Ditto here, this means an object created externally will be missing for 5s.
| } | ||
| } | ||
|
|
||
| function getHeadMetadataCacheKey( |
There was a problem hiding this comment.
The cache key is scoped by mountId, not by the underlying bucket/endpoint identity, this doesn't feel right. If you have the same bucket mounted in two places the cache should be the same right?
| return `${mountId}:${realPath}${url.search}`; | ||
| } | ||
|
|
||
| function getCachedHeadMetadataResponse( |
There was a problem hiding this comment.
This defeats s3fs’s open-time revalidation. s3fs intentionally drops its own stat cache on reopen and sends a HEAD; with this cache, that HEAD may be answered locally instead of actually revalidating against the bucket. I think this behaviour in s3fs is probably what led to this PR. But it makes me think that this cache layer should be opt-in and extremely configurable.
| }); | ||
| } | ||
|
|
||
| function cacheHeadMetadataFromPUT( |
There was a problem hiding this comment.
This is neat. How do we ensure that we're accurately matching what the provider actually responds with? Feels like this might need an integration test to verify our code matches the various provider implementations.
| } | ||
| } else if (isMutatingMethod(method)) { | ||
| deleteDirectoryMarkerCacheEntry(mountId, realPath); | ||
| deleteHeadMetadataCacheEntriesForObject(mountId, realPath); |
There was a problem hiding this comment.
For non-HEAD mutating requests, we invalidate before forwarding. There’s a possible race where a HEAD during an in-flight DELETE/POST/copy/multipart operation can cache an old upstream metadata, and then the mutation succeeds. Should we also invalidate after successful mutations?
| ); | ||
|
|
||
| if (response.ok) { | ||
| directoryMarkerCache.set( |
There was a problem hiding this comment.
The directory marker cache looks like it has no TTL. External changes can leave us with stale directory metadata for the lifetime of the mount unless something local invalidates it. Can we add the same invalidation pattern?
Summary
Reduce redundant upstream requests during credential-proxy mounted reads by adding a short-lived HEAD metadata response cache.

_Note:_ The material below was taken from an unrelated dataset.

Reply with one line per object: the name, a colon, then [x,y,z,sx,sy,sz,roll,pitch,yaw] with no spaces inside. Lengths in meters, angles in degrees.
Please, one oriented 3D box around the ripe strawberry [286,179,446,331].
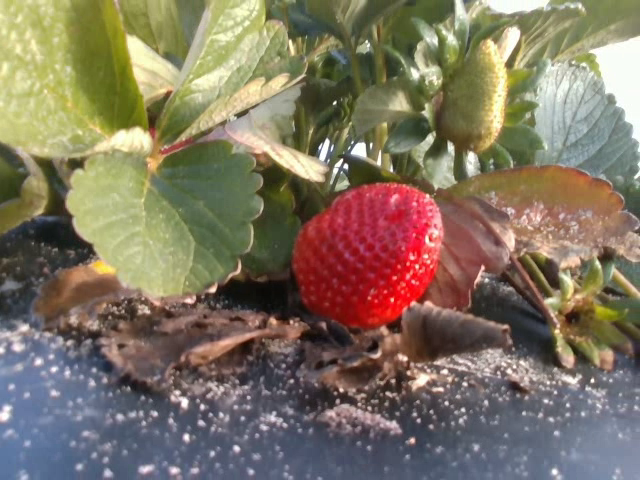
ripe strawberry: [0.009,0.002,0.103,0.031,0.026,0.030,-6,4,-23]

s3fs issues frequent HEAD requests for metadata (
getattr) on every file open, stat, and read. With credential-proxy mounts, each HEAD request was forwarded upstream through the signing proxy, adding latency to repeated reads. This PR keeps the existingaws4fetch/AwsClientsigning path and focuses the optimization on safe metadata caching.Changes
HEAD metadata cache (
s3-credential-proxy-handler.ts)path/,path_$folder$variants).content-length,content-type,etag,last-modified, andx-amz-meta-*.PUT,POST,DELETE) invalidate cached metadata. GET requests preserve cached metadata.Cache lifecycle (
sandbox.ts)evictHeadMetadataCacheForMountis called during unmount, mount-failure cleanup, and sandbox teardown, matching the existing SigV4 client and directory-marker cache cleanup paths.Request forwarding safety
content-lengthinstead of dropping the stream.aws4fetchAwsClientpath.Benchmark results (from repro)
Credential-proxy now avoids redundant upstream HEAD requests on repeated metadata reads.